- Born: 30 May 1919 Zefta, Egypt
- Died: 19 January 2015 (aged 95)
- Other name: Aziza Shoukri Husayn
- Occupations: Social worker, feminist, diplomat
- Known for: President of the International Planned Parenthood Federation

= Aziza Shoukry Hussein =

Egyptian international civil servant (1919–2015)

Aziza Shukry Hussein, also spelt as Aziza Shoukri Husayn, (30 May 1919 – January 19, 2015) was an Egyptian social welfare expert and leading advocate of family planning. She was active in Egypt's feminist movement. In 1962 she became the first woman to represent Egypt at the United Nations, and she served on the United Nations Commission on the Status of Women for fifteen years. She was president of the International Planned Parenthood Federation from 1977 to 1983.

== Early life and education ==
Hussein was born in Zefta, the daughter of Sayed Shukri. Her father was an Egyptian gynecologist and her mother was of Turkish origin. She graduated from the American University in Cairo in 1942, with an undergraduate thesis was titled "The Prophet Mohamed's Role in Legal Reform."

== Career ==
Hussein was a member of the Cairo Women's Club, and established a nursery school in Sandyoun in 1955. She was active in Egypt's feminist movement, and an advocate for family planning. She founded the Planned Parenthood Association in Egypt, and was president of the International Planned Parenthood Federation from 1977 to 1983. She co-founded an organization to oppose female genital mutilation.

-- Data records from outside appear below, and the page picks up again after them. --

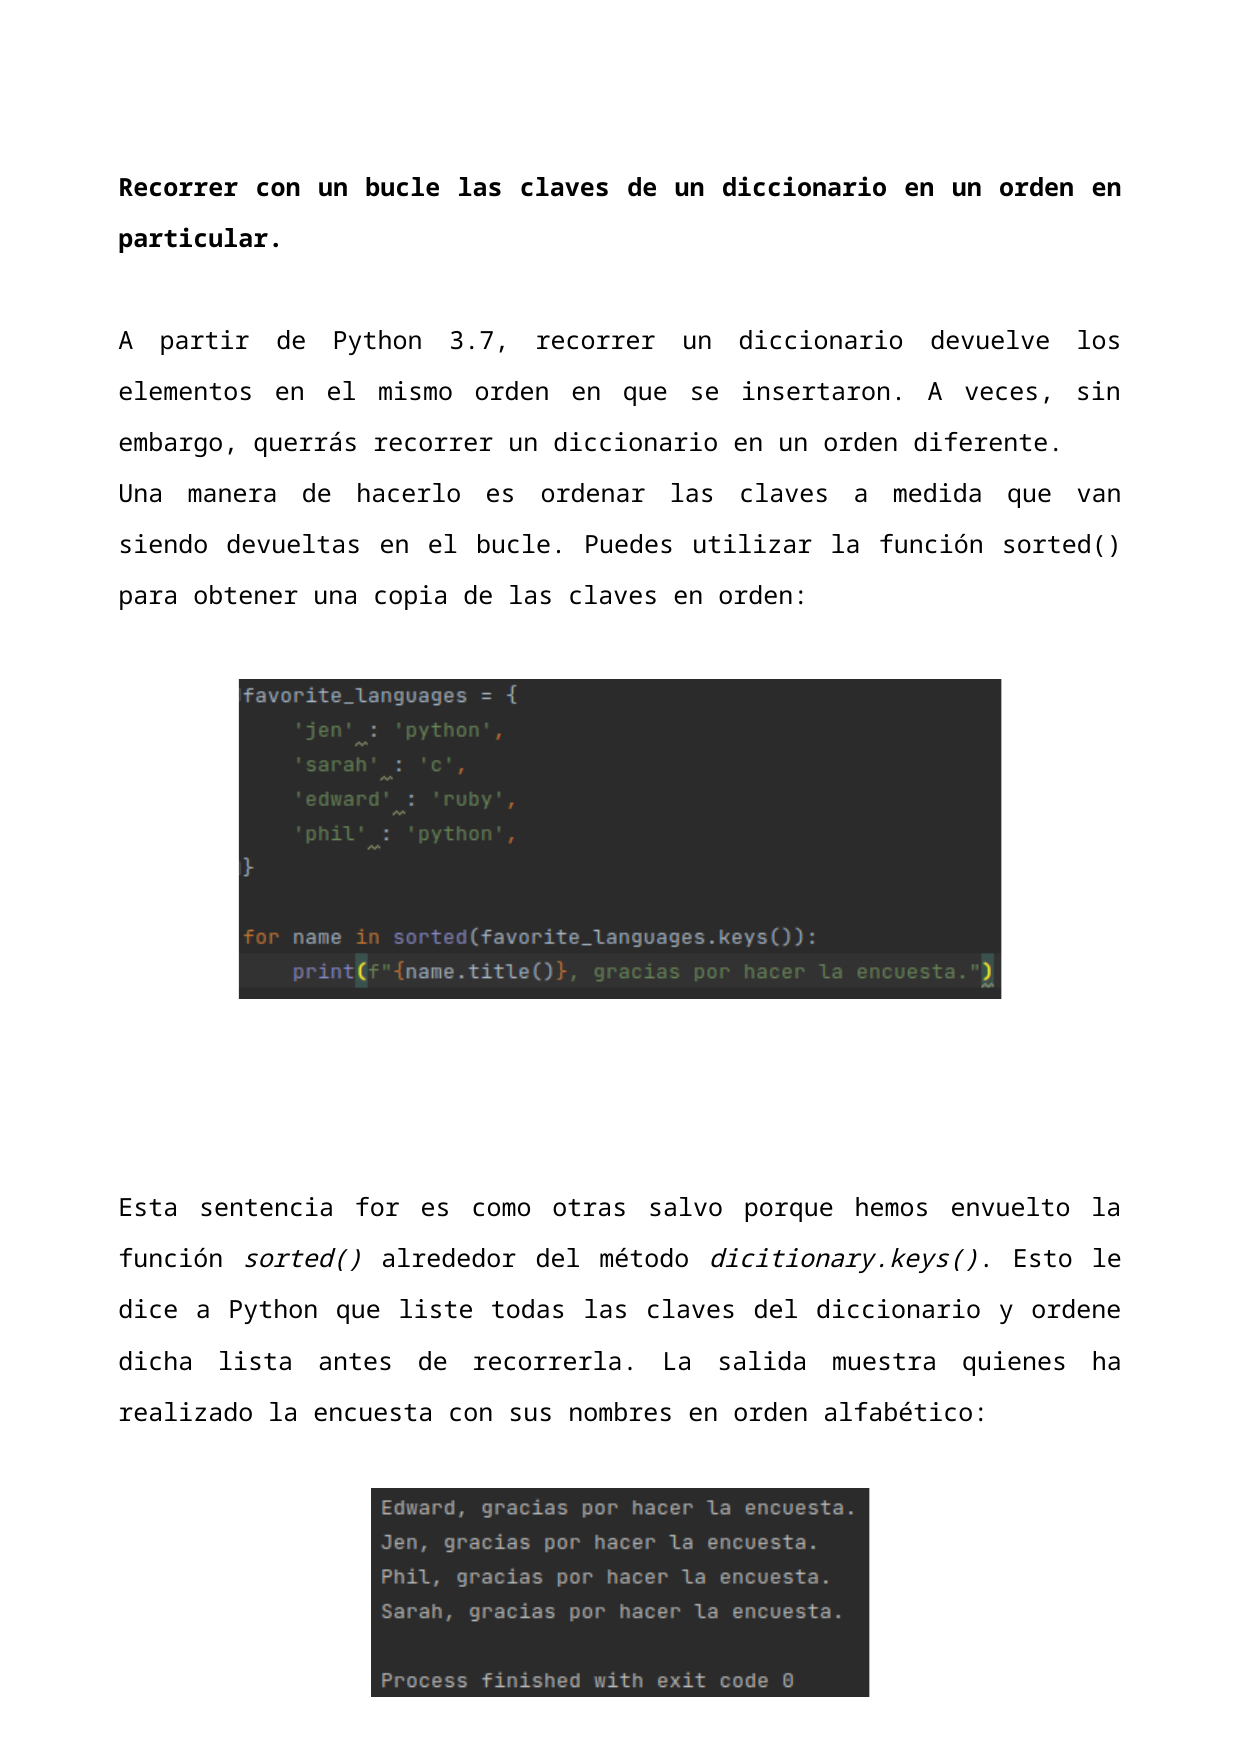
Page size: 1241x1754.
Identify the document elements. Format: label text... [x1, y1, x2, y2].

text Una manera de hacerlo es ordenar las claves a medida que van siendo devueltas en el bucle. Puedes utilizar la función sorted() para obtener una copia de las claves en orden: [118, 475, 1122, 612]
picture [371, 1488, 870, 1697]
text Esta sentencia for es como otras salvo porque hemos envuelto la función sorted() alrededor del método dicitionary.keys(). Esto le dice a Python que liste todas las claves del diccionario y ordene dicha lista antes de recorrerla. La salida muestra quienes ha realizado la encuesta con sus nombres en orden alfabético: [118, 1190, 1122, 1428]
text Recorrer con un bucle las claves de un diccionario en un orden en particular. [118, 169, 1122, 254]
text A partir de Python 3.7, recorrer un diccionario devuelve los elementos en el mismo orden en que se insertaron. A veces, sin embargo, querrás recorrer un diccionario en un orden diferente. [118, 322, 1122, 458]
picture [238, 679, 1002, 999]
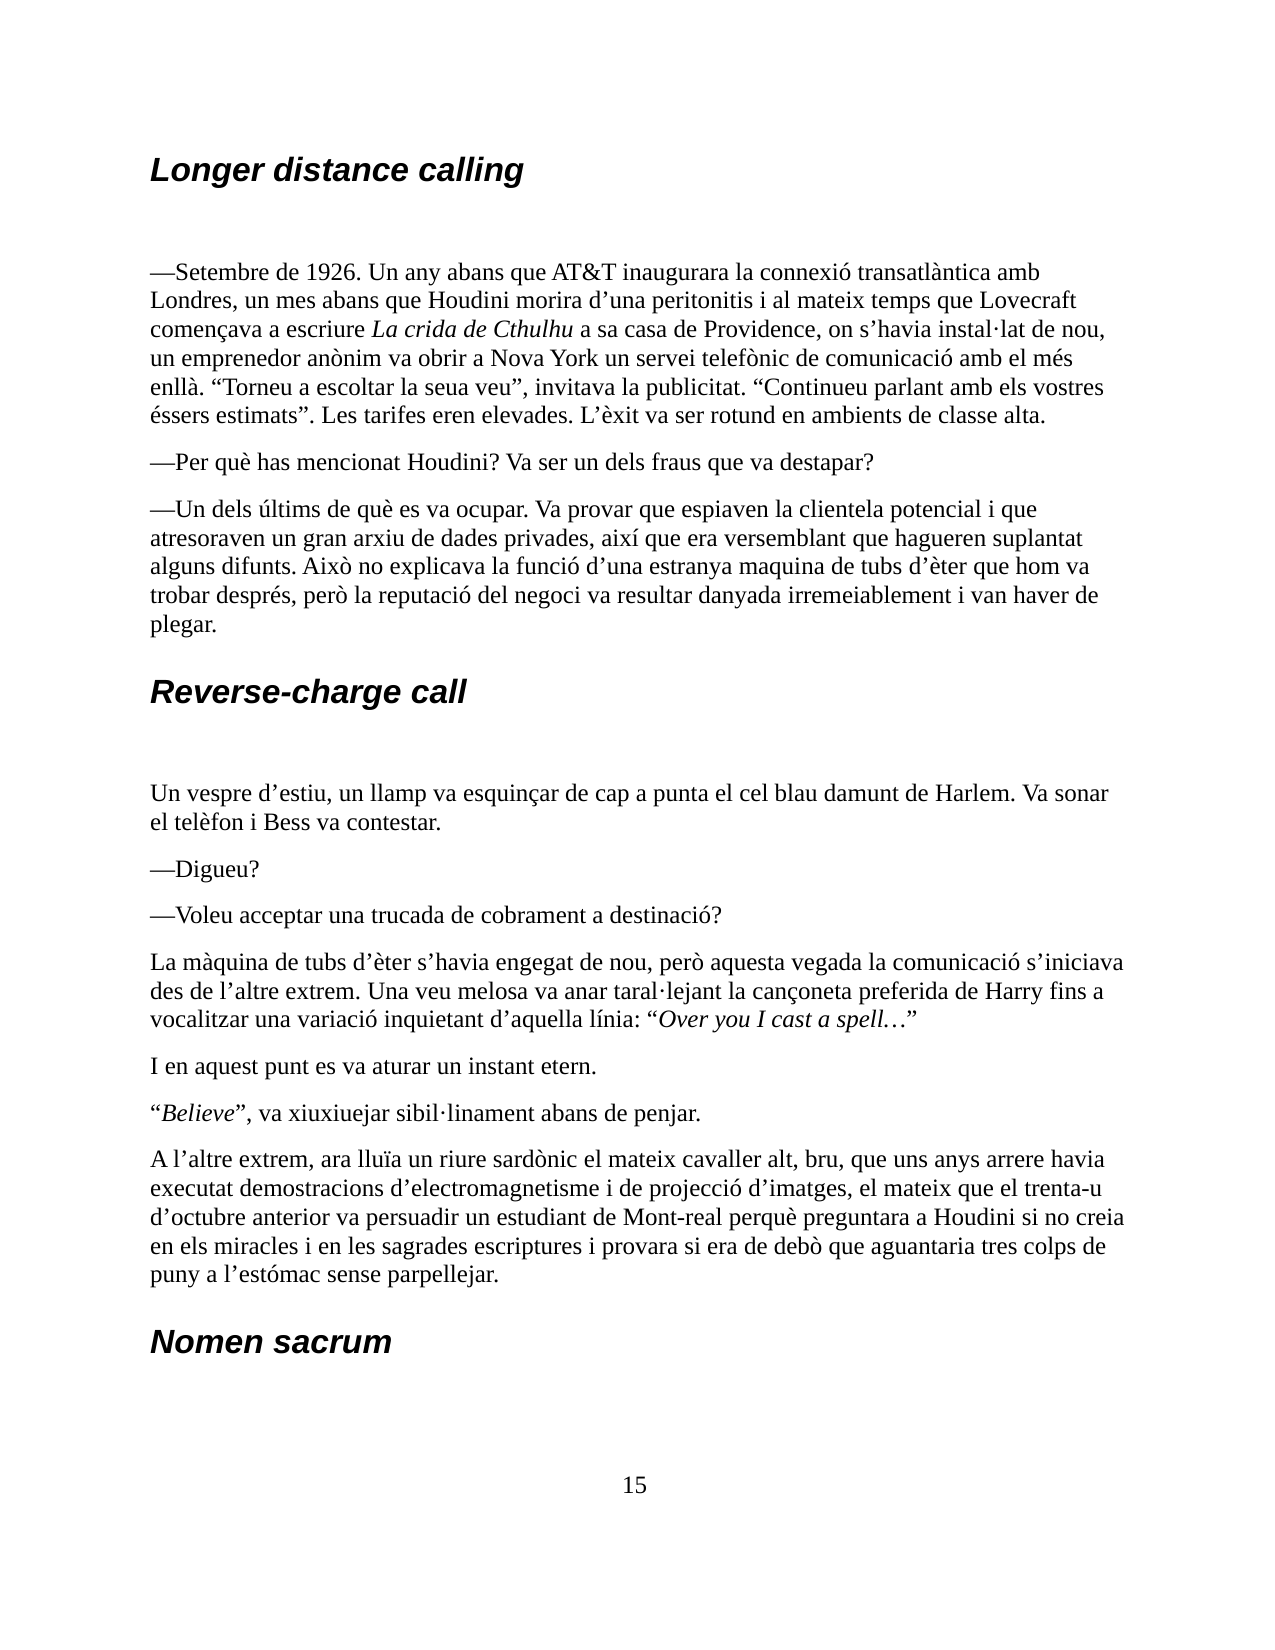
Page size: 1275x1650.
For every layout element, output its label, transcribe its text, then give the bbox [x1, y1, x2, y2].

text La màquina de tubs d’èter s’havia engegat de nou, però aquesta vegada la comunicació s’iniciava des de l’altre extrem. Una veu melosa va anar taral·lejant la cançoneta preferida de Harry fins a vocalitzar una variació inquietant d’aquella línia: “Over you I cast a spell…” [150, 947, 1125, 1033]
text —Per què has mencionat Houdini? Va ser un dels fraus que va destapar? [150, 447, 1125, 476]
text —Digueu? [150, 854, 1125, 882]
text —Voleu acceptar una trucada de cobrament a destinació? [150, 900, 1125, 929]
text I en aquest punt es va aturar un instant etern. [150, 1051, 1125, 1080]
subtitle Reverse-charge call [150, 672, 1125, 710]
text A l’altre extrem, ara lluïa un riure sardònic el mateix cavaller alt, bru, que uns anys arrere havia executat demostracions d’electromagnetisme i de projecció d’imatges, el mateix que el trenta-u d’octubre anterior va persuadir un estudiant de Mont-real perquè preguntara a Houdini si no creia en els miracles i en les sagrades escriptures i provara si era de debò que aguantaria tres colps de puny a l’estómac sense parpellejar. [150, 1144, 1125, 1288]
subtitle Nomen sacrum [150, 1322, 1125, 1361]
subtitle Longer distance calling [150, 150, 1125, 189]
text —Setembre de 1926. Un any abans que AT&T inaugurara la connexió transatlàntica amb Londres, un mes abans que Houdini morira d’una peritonitis i al mateix temps que Lovecraft començava a escriure La crida de Cthulhu a sa casa de Providence, on s’havia instal·lat de nou, un emprenedor anònim va obrir a Nova York un servei telefònic de comunicació amb el més enllà. “Torneu a escoltar la seua veu”, invitava la publicitat. “Continueu parlant amb els vostres éssers estimats”. Les tarifes eren elevades. L’èxit va ser rotund en ambients de classe alta. [150, 257, 1125, 429]
text “Believe”, va xiuxiuejar sibil·linament abans de penjar. [150, 1098, 1125, 1127]
text Un vespre d’estiu, un llamp va esquinçar de cap a punta el cel blau damunt de Harlem. Va sonar el telèfon i Bess va contestar. [150, 778, 1125, 836]
text —Un dels últims de què es va ocupar. Va provar que espiaven la clientela potencial i que atresoraven un gran arxiu de dades privades, així que era versemblant que hagueren suplantat alguns difunts. Això no explicava la funció d’una estranya maquina de tubs d’èter que hom va trobar després, però la reputació del negoci va resultar danyada irremeiablement i van haver de plegar. [150, 494, 1125, 638]
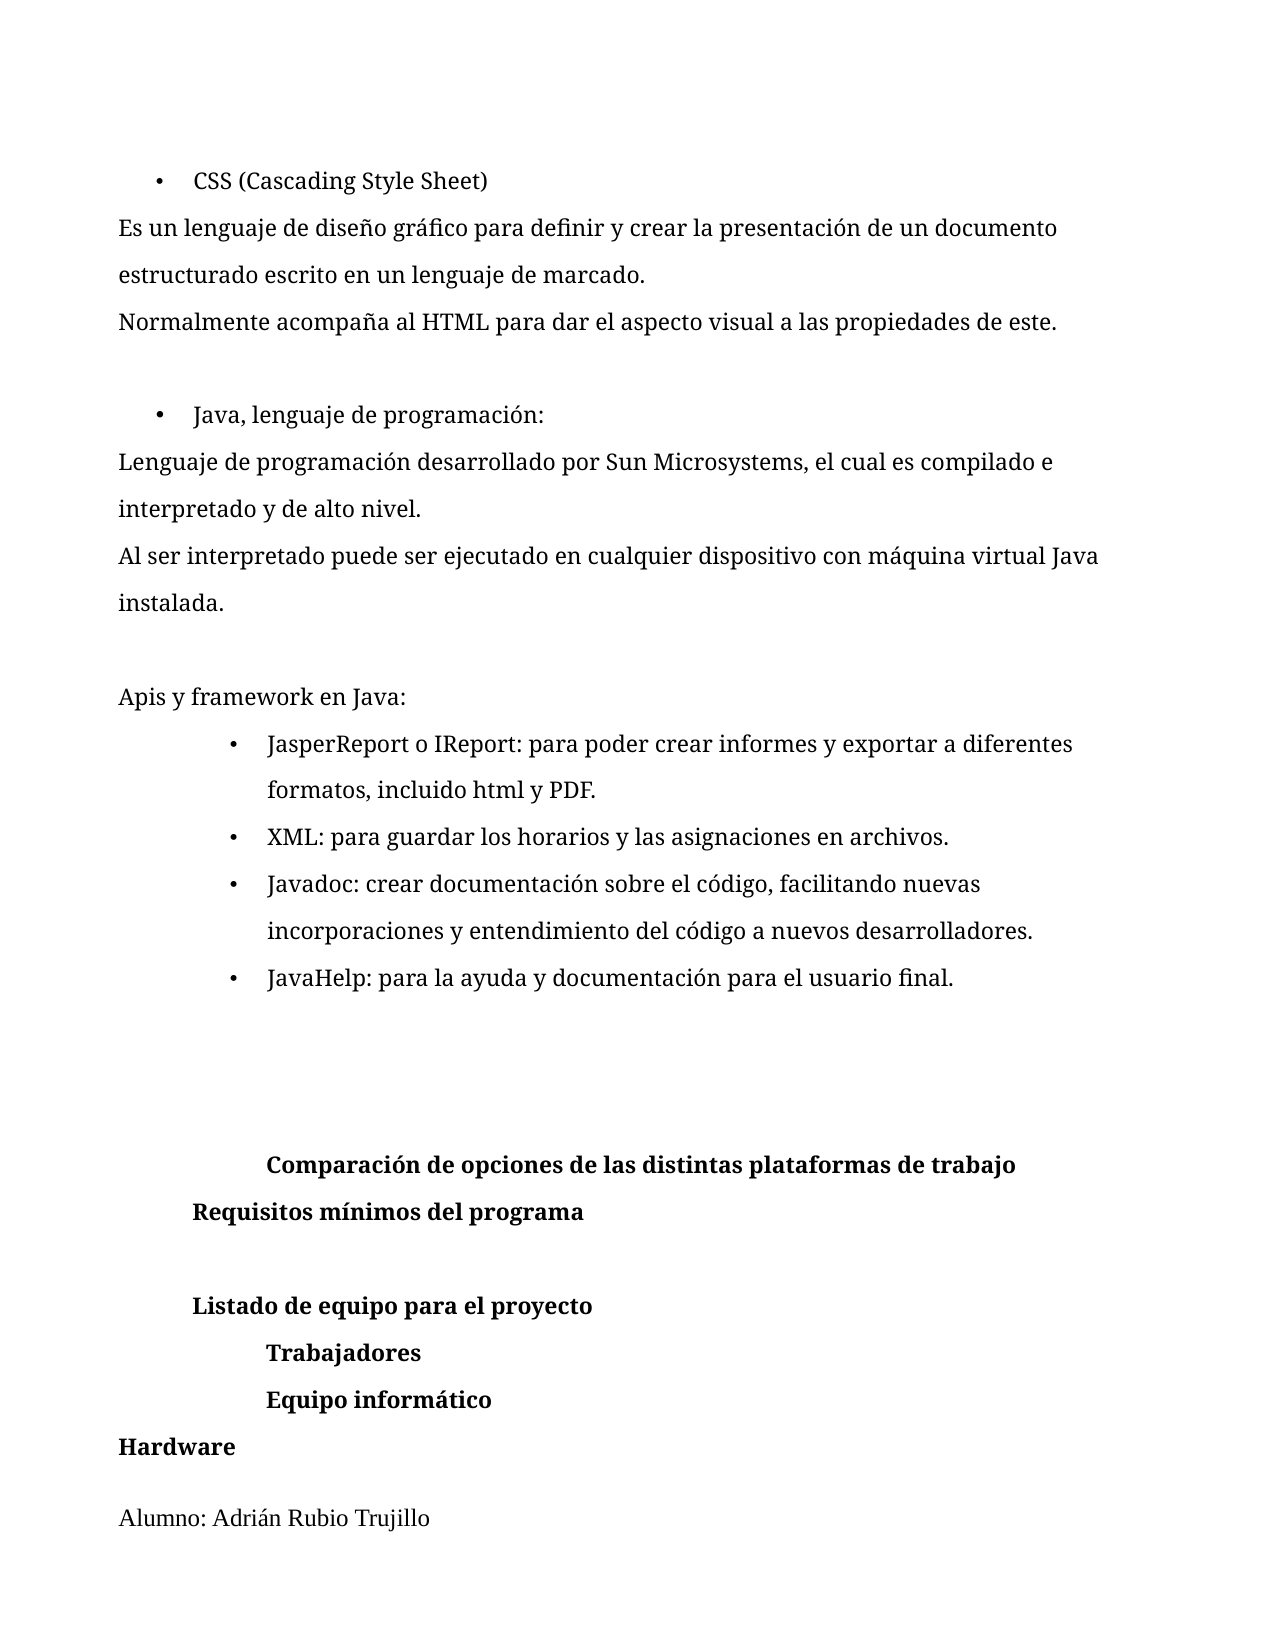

In 1962 Hussein became the first woman to represent Egypt at the United Nations. She was the first Arab woman to serve on the UN's Status of Women Commission, where she held a seat for fifteen years.

== Publications ==

- "The Role of Women in Social Reform in Egypt" (1953)
- Women in the Moslem World (1954)
- "Crossroads for Women at the UN" (2004)
- A Pilgrim's Soul: Memoirs (2013)

== Honors ==
She was awarded the Order of Virtues in 1955, by Gamal Abdel Nasser. In 1999 she received the Archon Award from Sigma Theta Tau International.

==Personal life==
In 1947 she married the Egyptian diplomat Ahmed Hussein. She died in 2015, at the age of 95. Her papers are in the American University in Cairo Archives.